Agri-workers rail against chacha, call Duterte ‘a salesman, not a statesman’


“Chacha isn’t just short for ‘charter change.’ It is also short for ‘chained to imperialists’ and ‘charge into poverty’,” remarked Antonio Flores, chairperson of Unyon ng mga Manggagawa sa Agrikultura. “Detached from the workers and farmers it will harm, the bureaucrats railroading chacha reveal their attachment to the profiteering interests of big capitalist plunderers.”


The statement was in reaction to Ako Bicol party-list Rep. Alfredo Garbin Jr., chair of the House Committee on Constitutional Amendments, who revealed that Congress targets the approval of the House Resolution on chacha by next week. According to Flores, in spite of the professed intention of charter-change proponents to fix the constitution, it will only aggravate the country’s deep-seated problems of feudal landlessness, underdevelopment, and low wages.
UMA called the constitutional amendment allowing 100% ownership of land an “attack on the peasantry who makes up the country’s impoverished majority.” Citing statistics from Kilusang Magbubukid ng Pilipinas, the agri-workers’ group lamented that seven out of 10 farmers remain landless—and instead of granting land to the seven, it will only take land away from the three.

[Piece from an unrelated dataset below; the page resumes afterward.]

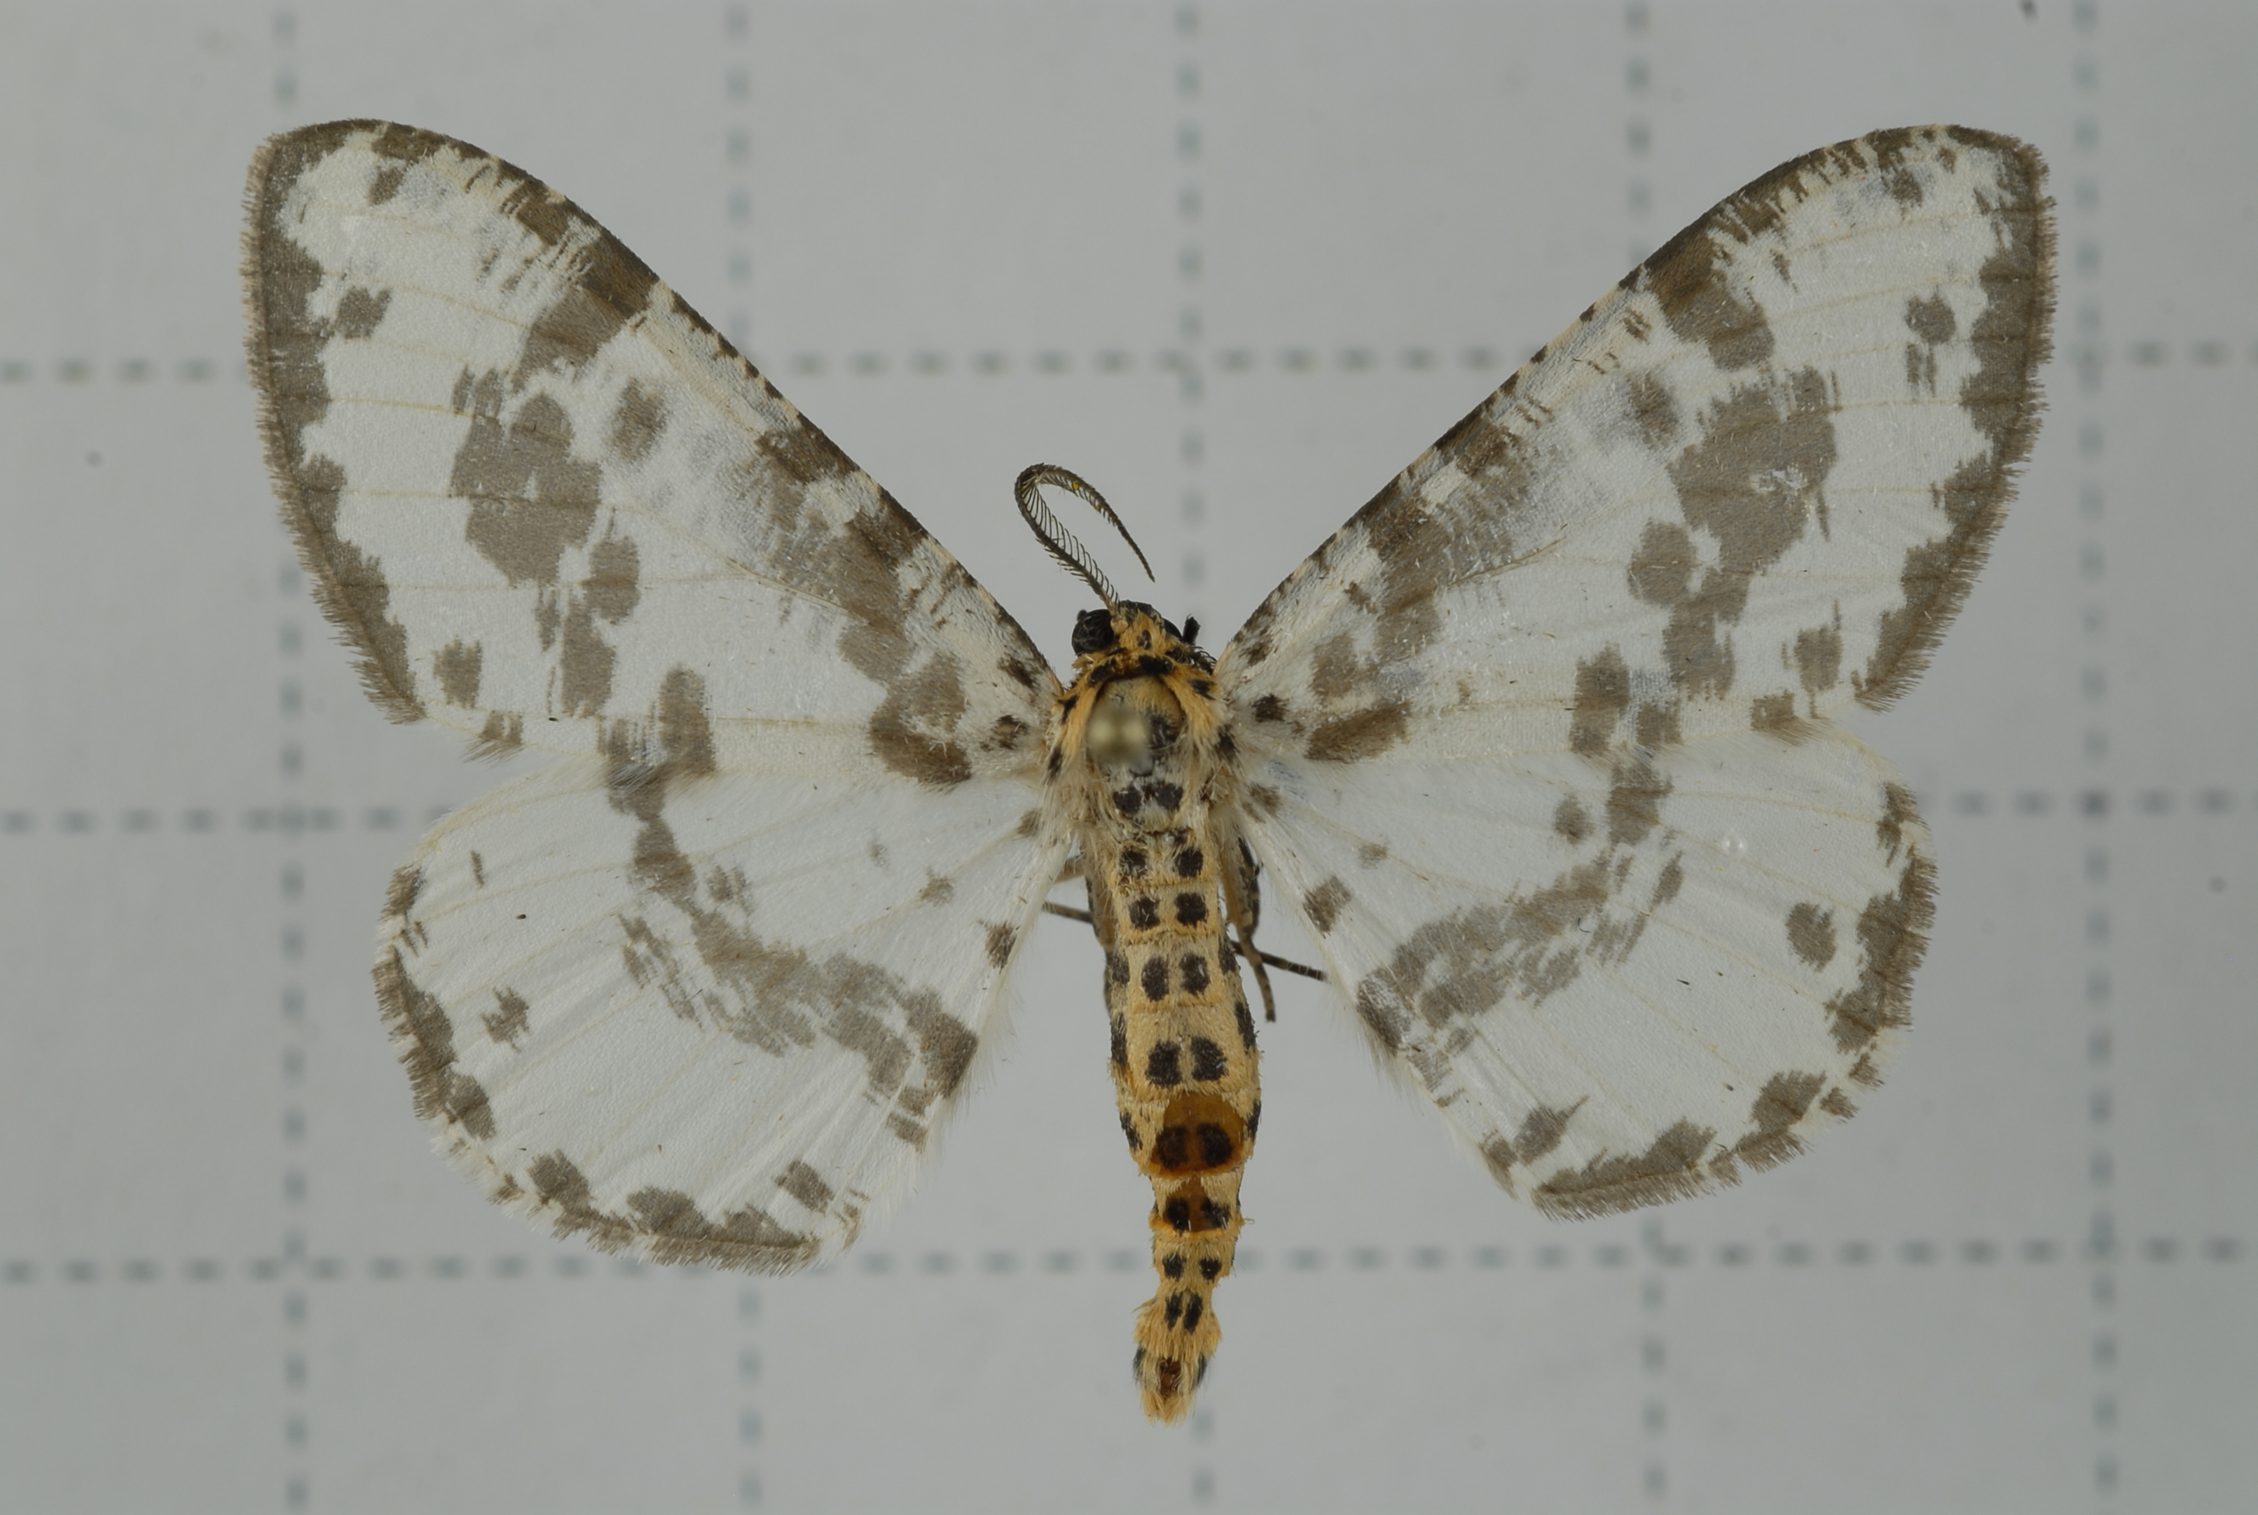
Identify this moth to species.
Pseudabraxas taiwana

“Hardly a president, Duterte is a salesman peddling our patrimony to transnational agri-businesses like Del Monte, Dole, and Sumifru,” Flores declared. “He has already directed the Department of Agriculture to fast-track crop conversion, facilitating the expansion of corporate plantations to 1.5 million hectares by the end of his term. That’s 1.5 million hectares that could have gone into domestic food production by farmers.”


Studies conducted by UMA reveal that landgrabs force farmers into waged agricultural work with no control over what they farm, and a plantation worker earns an average of P90 to P350. This amount is alarmingly lower than the family living wage of P1,064 a day, and cannot even meet half of UMA’s demand for a national minimum wage of P750. The lowest recorded salary received by an agricultural worker under the Duterte regime was P9 for a full day at a sugar plantation.

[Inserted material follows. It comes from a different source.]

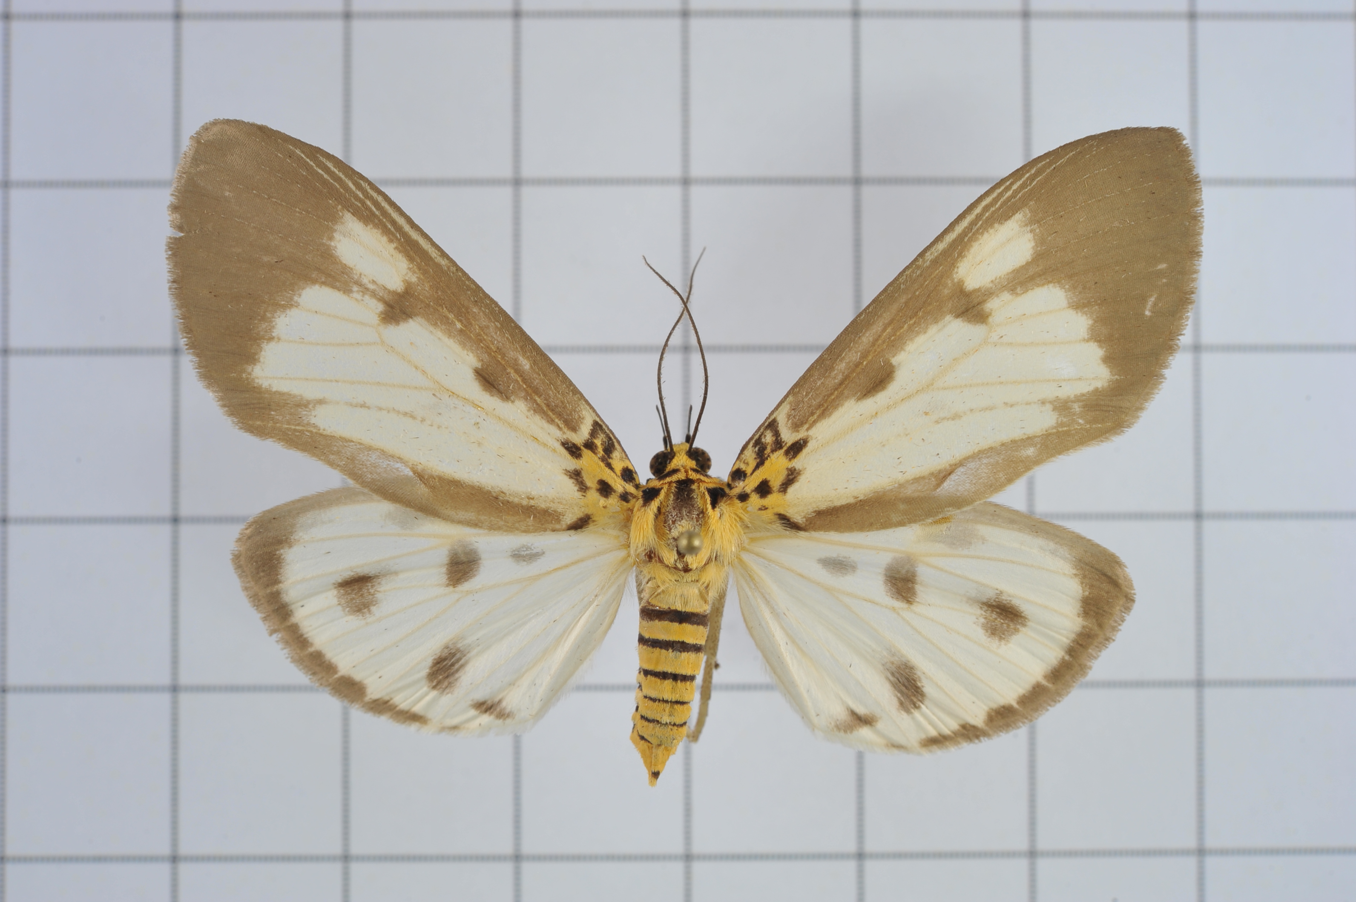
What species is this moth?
Asota plana lacteata

“With chacha, food insecurity and slave wages will become the norm,” warned Flores. “Controlled by foreign business interests, our land will yield cash crops instead of food staples. Cash crops will be exported for cheap, while food staples will be imported at exorbitant prices. Barely making minimum wage, even food producers won’t be able to afford food they could otherwise produce on their own.”

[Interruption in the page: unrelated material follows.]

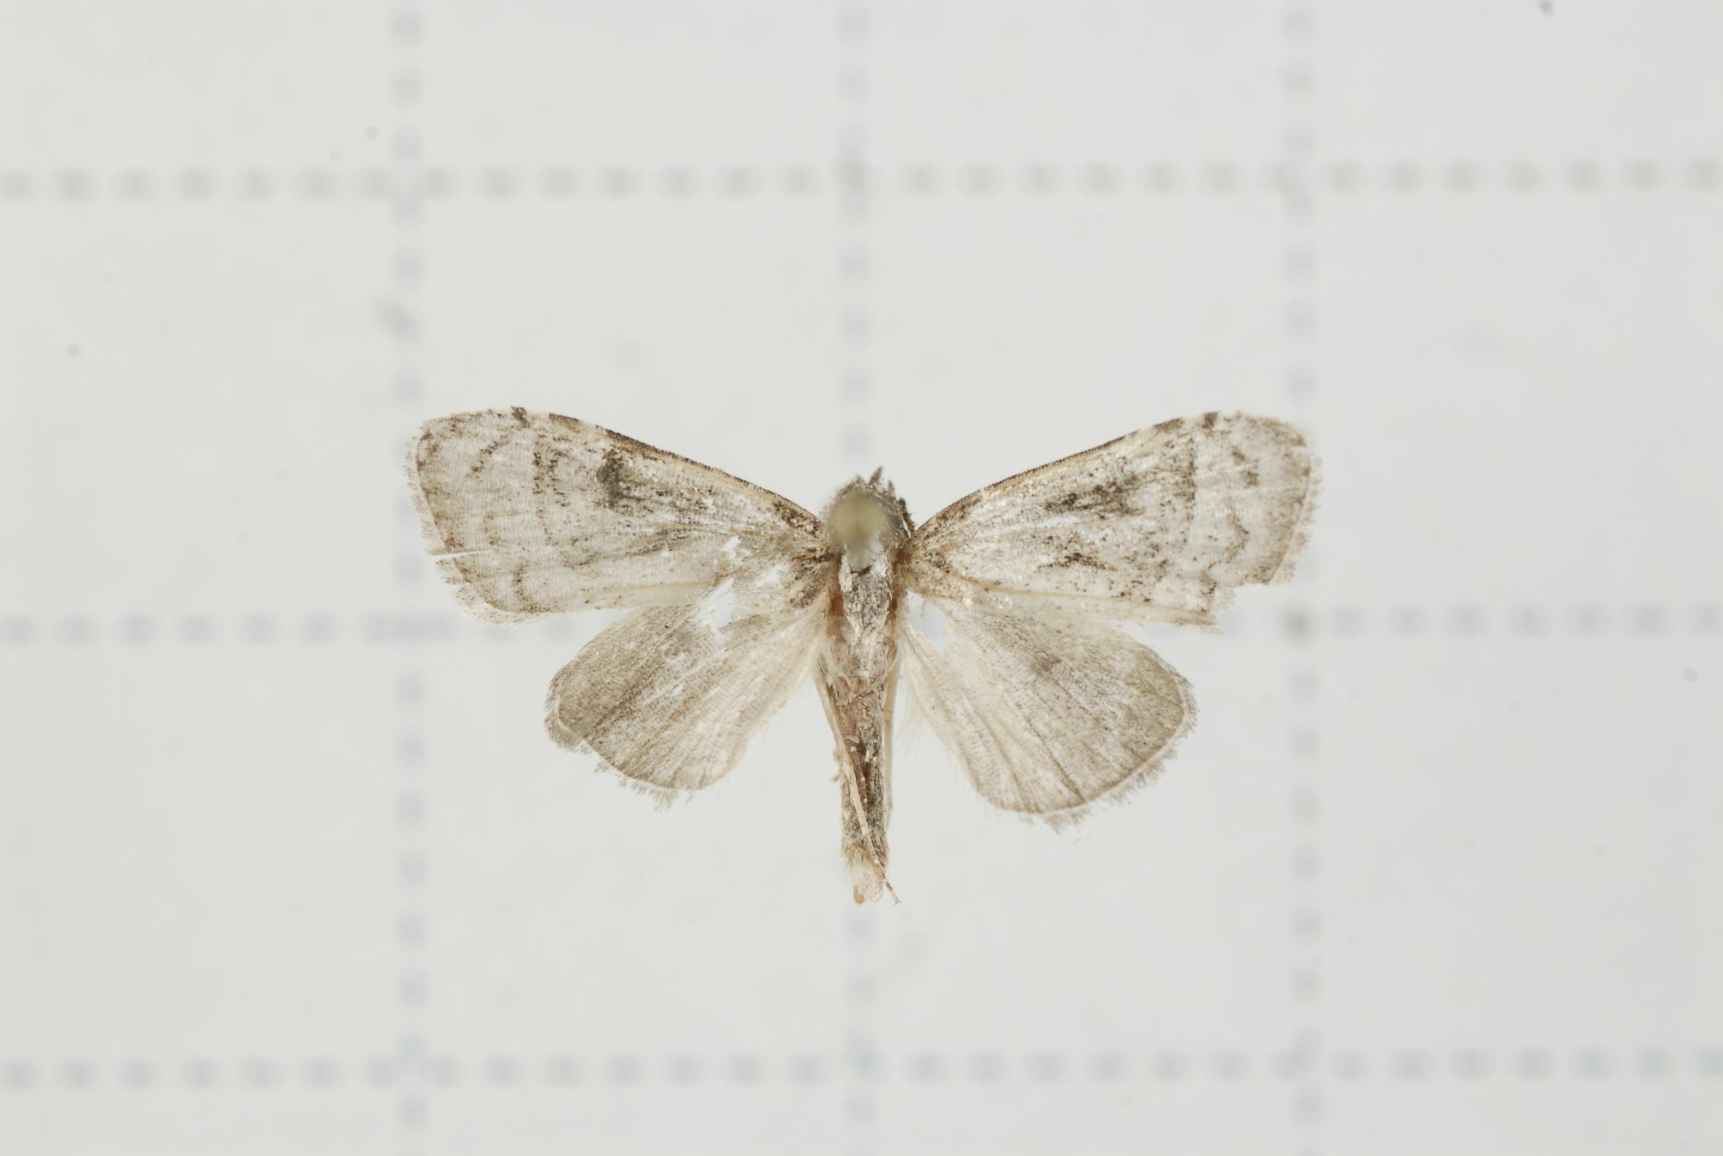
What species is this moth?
Meganola triangulalis

UMA blamed the Comprehensive Agrarian Reform Program for the increased vulnerability of Philippine land to foreign control. They explained that, with chacha, land grabbed through CARP need not pass through the custodianship of big landlords and compradors, and allowing direct control by foreign and transnational corporations. 100% foreign ownership of land is in 100% contradiction with genuine agrarian reform, the only solution to the systemic problem of feudal landlessness.